Kristiane Backer war die Patin des Pop. Jetzt, als Muslimin, möchte sie den Deutschen den Islam erklären

Von Barbara Nolte

Elf Jahre ist es her, Kristiane Backer moderierte auf MTV, als erste und bis dahin einzige Deutsche. Alle drei Wochen flog sie von London, wo sie damals wohnte, wo sie heute noch wohnt, nach Hamburg zu „Bravo TV“. Ihr Job dort: Charts ansagen, Musikern im Studio ein paar Fragen stellen und schließlich überleiten zu den Aufklärungsexperten des Doktor-SommerTeams.

Es war im April dieses stressigen, erfolgreichen Jahres 1995, als Kristiane Backer in eine Moschee im Londoner Norden ging. Diesmal stellte sie einem Imam noch ein paar Fragen. Dann sagte sie: „Es gibt keinen Gott außer Gott, und Mohammed ist sein Botschafter.“ Ein einfacher, weitreichender Satz. Das Glaubensbekenntnis des Islam. Kristiane Backer, Deutschlands Patin des Pop, war Muslimin geworden. „Danach bin ich nach Hause gegangen und habe gebetet“, erzählt sie, „es war ganz unspektakulär.“ Der unspektakuläre Anfang eines Weltenwechsels.

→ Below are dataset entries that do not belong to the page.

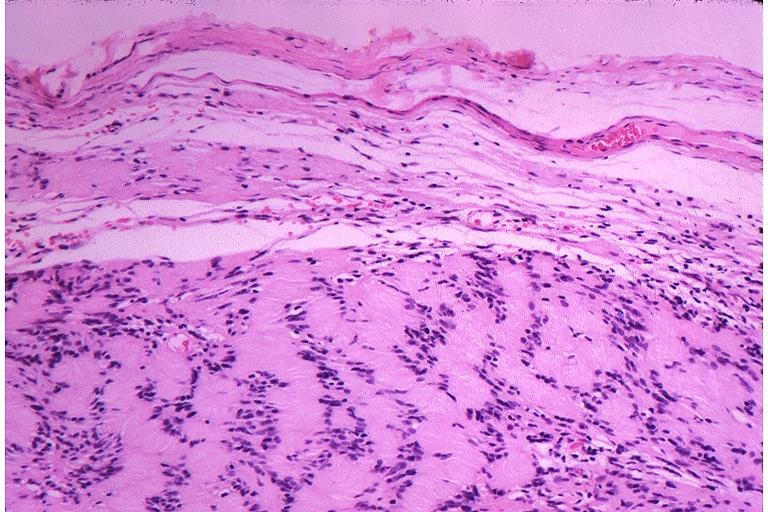what is present?
Answer the question using a single word or phrase. Oral 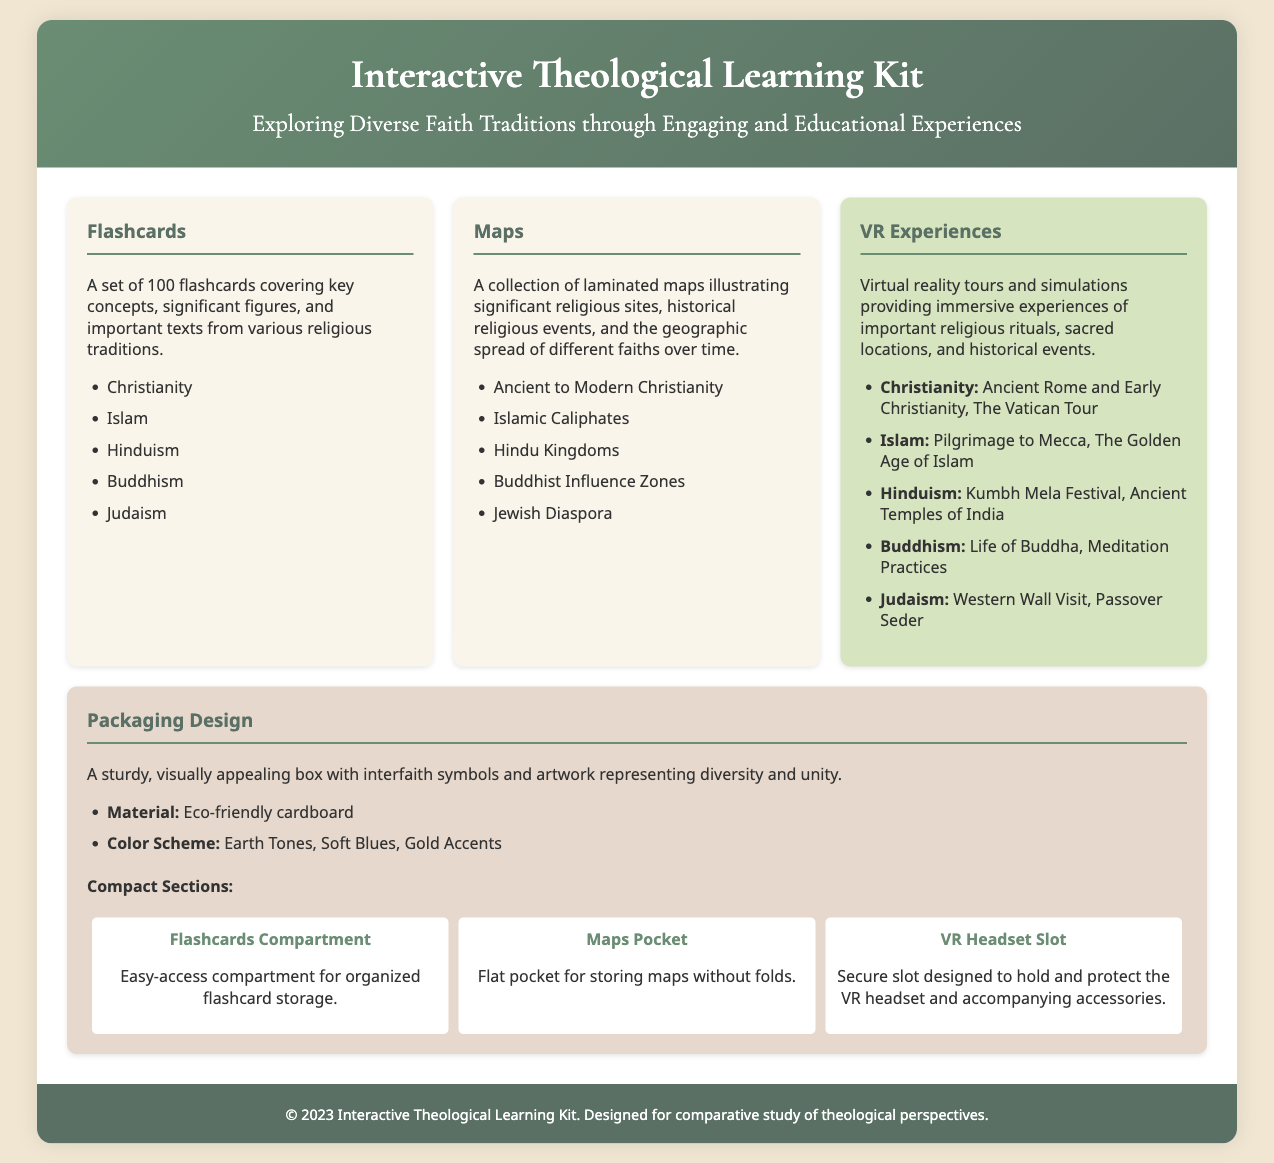What are the key materials included in the kit? The document lists flashcards, maps, and VR experiences as the key materials included in the kit.
Answer: Flashcards, maps, and VR experiences How many flashcards are included? The document specifies that there is a set of 100 flashcards covering various concepts.
Answer: 100 What religious traditions are covered by the flashcards? The flashcards cover five specified religious traditions listed in the document.
Answer: Christianity, Islam, Hinduism, Buddhism, Judaism What is the packaging material made of? The document states that the packaging is made of eco-friendly cardboard.
Answer: Eco-friendly cardboard Which VR experience focuses on the Kumbh Mela Festival? The document indicates that the VR experience focusing on the Kumbh Mela Festival is part of Hinduism.
Answer: Hinduism What colors are featured in the packaging design? The document outlines that the color scheme for the packaging includes earth tones, soft blues, and gold accents.
Answer: Earth Tones, Soft Blues, Gold Accents How is the flashcard compartment designed in the packaging? The document describes the flashcard compartment as being designed for easy access to organized flashcard storage.
Answer: Easy-access compartment What does the design highlight about the interfaith symbols? The document emphasizes that the packaging features interfaith symbols representing diversity and unity.
Answer: Diversity and unity

Er ist ja nicht selten zu beobachten, der Hang des Personals der Unterhaltungsindustrie zur Religion. Madonna hat sich der Kabbala-Lehre verschrieben, Tom Cruise der Scientology-Sekte, Richard Gere, Penelope Cruz, Uma Thurman und unzählige andere sind Buddhisten geworden. Als prominenter Moslem fällt einem aber nur Cat Stevens ein, der sich jetzt Yusuf Islam nennt. Und Muhammad Ali natürlich, einstmals Cassius Clay. Doch der Boxer konvertierte Ende der 60er, da war die muslimische Religion Teil der schwarzen Bürgerbewegung in den USA. Zurzeit ist der Islam unter Stars wenig beliebt, schon weil man ihn nicht einfach nebenher betreiben kann wie ein Hobby.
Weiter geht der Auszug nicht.